Burma, for example, exhibited "a kind of rolling repression that ebbs and flows" with "each little opening succeeded by a crackdown."

Nobel Prize winner Aung San Suu Kyi and her national League for Democracy were prevented from convening a party congress and she was recently harassed by "thugs who could not have acted without official support," Albright said.

She said the General Assembly should call for a genuine dialogue, for the release of political prisoners and an end to forced labour.

The Clinton administration was recently criticised by five U.S. senators from both parties for not making good on its threat to ban U.S. investments in Burma. Otherwise efforts to isolate the government would fail, they said.

In Afghanistan's civil war, she said human rights have been abused by almost every party to the fighting. Women and girls have been vicitimized by "draconian social decrees" issued by the Taleban faction, which controls Kabul.

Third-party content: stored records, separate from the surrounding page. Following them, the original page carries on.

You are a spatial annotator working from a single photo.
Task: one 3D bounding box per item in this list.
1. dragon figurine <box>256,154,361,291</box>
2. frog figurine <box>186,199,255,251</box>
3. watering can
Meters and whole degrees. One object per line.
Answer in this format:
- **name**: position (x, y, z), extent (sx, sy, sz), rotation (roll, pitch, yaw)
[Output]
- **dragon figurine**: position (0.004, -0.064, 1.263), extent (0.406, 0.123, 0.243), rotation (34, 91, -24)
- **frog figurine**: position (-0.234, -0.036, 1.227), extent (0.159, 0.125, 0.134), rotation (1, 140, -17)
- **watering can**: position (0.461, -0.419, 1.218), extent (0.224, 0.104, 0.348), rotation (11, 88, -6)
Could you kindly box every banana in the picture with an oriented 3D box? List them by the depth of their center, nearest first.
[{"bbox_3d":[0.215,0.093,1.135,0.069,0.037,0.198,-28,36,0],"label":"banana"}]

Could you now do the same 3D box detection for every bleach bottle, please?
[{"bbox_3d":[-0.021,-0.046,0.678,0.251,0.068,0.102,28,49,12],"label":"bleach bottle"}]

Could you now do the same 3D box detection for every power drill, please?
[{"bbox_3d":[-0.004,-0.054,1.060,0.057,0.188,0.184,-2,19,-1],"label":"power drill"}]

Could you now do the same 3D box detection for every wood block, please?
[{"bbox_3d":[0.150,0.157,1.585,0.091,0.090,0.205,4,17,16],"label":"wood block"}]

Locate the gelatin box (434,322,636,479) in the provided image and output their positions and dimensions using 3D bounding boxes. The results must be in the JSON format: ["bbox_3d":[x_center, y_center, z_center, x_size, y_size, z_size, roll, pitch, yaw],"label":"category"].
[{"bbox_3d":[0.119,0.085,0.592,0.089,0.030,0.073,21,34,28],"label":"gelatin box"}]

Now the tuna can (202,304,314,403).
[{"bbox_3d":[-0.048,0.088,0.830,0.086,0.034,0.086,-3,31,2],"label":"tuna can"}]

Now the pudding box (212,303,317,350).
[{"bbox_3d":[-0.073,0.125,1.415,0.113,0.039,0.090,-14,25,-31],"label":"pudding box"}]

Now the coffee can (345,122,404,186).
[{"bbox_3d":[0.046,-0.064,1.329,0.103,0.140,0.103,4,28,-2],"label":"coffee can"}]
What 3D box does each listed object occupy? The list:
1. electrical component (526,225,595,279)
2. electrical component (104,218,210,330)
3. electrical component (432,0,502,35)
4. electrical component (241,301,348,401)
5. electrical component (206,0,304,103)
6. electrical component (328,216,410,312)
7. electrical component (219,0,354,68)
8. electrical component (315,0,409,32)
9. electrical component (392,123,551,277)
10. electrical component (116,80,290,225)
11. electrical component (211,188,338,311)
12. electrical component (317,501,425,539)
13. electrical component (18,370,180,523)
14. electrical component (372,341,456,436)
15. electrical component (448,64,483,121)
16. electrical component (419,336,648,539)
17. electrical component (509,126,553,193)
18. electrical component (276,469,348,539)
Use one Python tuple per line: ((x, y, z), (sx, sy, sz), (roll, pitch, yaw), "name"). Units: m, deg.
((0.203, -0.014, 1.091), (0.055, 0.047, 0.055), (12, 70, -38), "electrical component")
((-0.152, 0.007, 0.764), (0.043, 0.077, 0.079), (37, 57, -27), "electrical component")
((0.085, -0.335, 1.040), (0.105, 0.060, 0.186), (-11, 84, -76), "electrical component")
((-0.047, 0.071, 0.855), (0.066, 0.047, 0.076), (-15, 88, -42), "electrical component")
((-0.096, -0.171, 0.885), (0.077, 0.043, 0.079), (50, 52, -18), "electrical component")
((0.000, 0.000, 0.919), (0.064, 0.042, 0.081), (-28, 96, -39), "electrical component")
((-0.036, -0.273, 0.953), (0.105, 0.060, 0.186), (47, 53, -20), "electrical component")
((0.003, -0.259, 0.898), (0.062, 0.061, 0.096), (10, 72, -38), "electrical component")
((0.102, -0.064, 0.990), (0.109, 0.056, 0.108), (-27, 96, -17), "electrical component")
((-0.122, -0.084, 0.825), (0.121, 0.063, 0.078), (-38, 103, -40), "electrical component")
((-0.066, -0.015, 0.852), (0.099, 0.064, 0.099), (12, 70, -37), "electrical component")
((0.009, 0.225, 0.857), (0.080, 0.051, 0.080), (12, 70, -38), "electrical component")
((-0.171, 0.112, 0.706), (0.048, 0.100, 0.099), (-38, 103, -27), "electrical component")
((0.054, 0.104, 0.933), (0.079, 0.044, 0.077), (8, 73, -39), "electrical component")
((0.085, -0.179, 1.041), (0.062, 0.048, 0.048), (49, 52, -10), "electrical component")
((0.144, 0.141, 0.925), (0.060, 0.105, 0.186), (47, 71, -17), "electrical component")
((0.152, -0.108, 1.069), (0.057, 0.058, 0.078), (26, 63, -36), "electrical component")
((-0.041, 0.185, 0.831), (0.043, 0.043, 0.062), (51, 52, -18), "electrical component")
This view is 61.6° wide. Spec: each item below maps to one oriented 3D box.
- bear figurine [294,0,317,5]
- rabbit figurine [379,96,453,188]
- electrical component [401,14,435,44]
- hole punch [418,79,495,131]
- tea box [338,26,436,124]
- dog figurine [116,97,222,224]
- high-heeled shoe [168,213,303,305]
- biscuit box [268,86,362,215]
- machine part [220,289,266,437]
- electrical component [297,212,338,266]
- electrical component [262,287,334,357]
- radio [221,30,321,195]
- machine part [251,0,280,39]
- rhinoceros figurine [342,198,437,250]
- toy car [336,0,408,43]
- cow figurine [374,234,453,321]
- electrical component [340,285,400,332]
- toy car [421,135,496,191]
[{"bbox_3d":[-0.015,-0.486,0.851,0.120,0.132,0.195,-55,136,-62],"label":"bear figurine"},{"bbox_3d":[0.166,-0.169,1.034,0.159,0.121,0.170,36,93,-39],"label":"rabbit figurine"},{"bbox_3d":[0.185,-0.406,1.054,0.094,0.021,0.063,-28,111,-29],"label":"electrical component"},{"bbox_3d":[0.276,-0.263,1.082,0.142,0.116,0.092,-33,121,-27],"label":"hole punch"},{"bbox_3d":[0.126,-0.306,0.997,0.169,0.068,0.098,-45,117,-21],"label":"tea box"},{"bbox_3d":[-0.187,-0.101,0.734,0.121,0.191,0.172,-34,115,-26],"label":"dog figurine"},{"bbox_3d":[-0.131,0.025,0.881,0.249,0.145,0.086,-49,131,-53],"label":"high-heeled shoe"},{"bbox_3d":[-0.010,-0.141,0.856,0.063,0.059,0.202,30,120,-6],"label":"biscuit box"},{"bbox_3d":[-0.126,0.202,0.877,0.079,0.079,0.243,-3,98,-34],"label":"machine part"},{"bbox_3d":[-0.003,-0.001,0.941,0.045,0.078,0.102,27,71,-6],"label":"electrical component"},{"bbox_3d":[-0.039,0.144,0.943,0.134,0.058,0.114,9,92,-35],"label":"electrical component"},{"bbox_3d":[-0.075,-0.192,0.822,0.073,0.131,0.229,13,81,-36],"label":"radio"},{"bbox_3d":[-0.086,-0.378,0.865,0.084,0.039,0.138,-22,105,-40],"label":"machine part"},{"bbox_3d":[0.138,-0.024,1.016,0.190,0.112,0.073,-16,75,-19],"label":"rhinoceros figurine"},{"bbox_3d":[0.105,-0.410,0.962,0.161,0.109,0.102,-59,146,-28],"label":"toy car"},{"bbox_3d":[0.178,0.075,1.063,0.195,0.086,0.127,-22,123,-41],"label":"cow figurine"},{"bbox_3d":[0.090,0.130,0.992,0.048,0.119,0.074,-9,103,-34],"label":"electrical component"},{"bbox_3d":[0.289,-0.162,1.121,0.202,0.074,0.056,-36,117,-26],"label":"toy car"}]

"As the former Soviet Union learned the hard way, Afghans can be ferocious and determined fighters; their physical courage is unquestioned," she said. "What is required now is the moral courage needed to end the fighting and establish a broad-based government."

On other countries, Albright said:

Iraq: Saddam Hussein's government was the "most brutal and lawless on earth" and did not hesitate to torture and terrorise the Iraqi people, suppress civil and religious dissent and murder those suspected of opposing him.

Iran: U.N. reports indicate that summary execution, arbitrary detention, supression of civil liberties and religious freedom are still prevalent.

Sudan: Reports continue on torture, slavery, arbitrary arrests, religious persecution and interference with human rights. While both sides in the country's civil war are to blame, the government merits particular censure for bombing civilians and allegedly using cluster bombs.

Nigeria: The military government has not yet fulfilled promises for a transition to democracy and respect for human rights. The current electoral process is being manipulated to limit participation. Chief M.K.O. Abiola, the presumed winner of the 1993 military elections, is still in jail.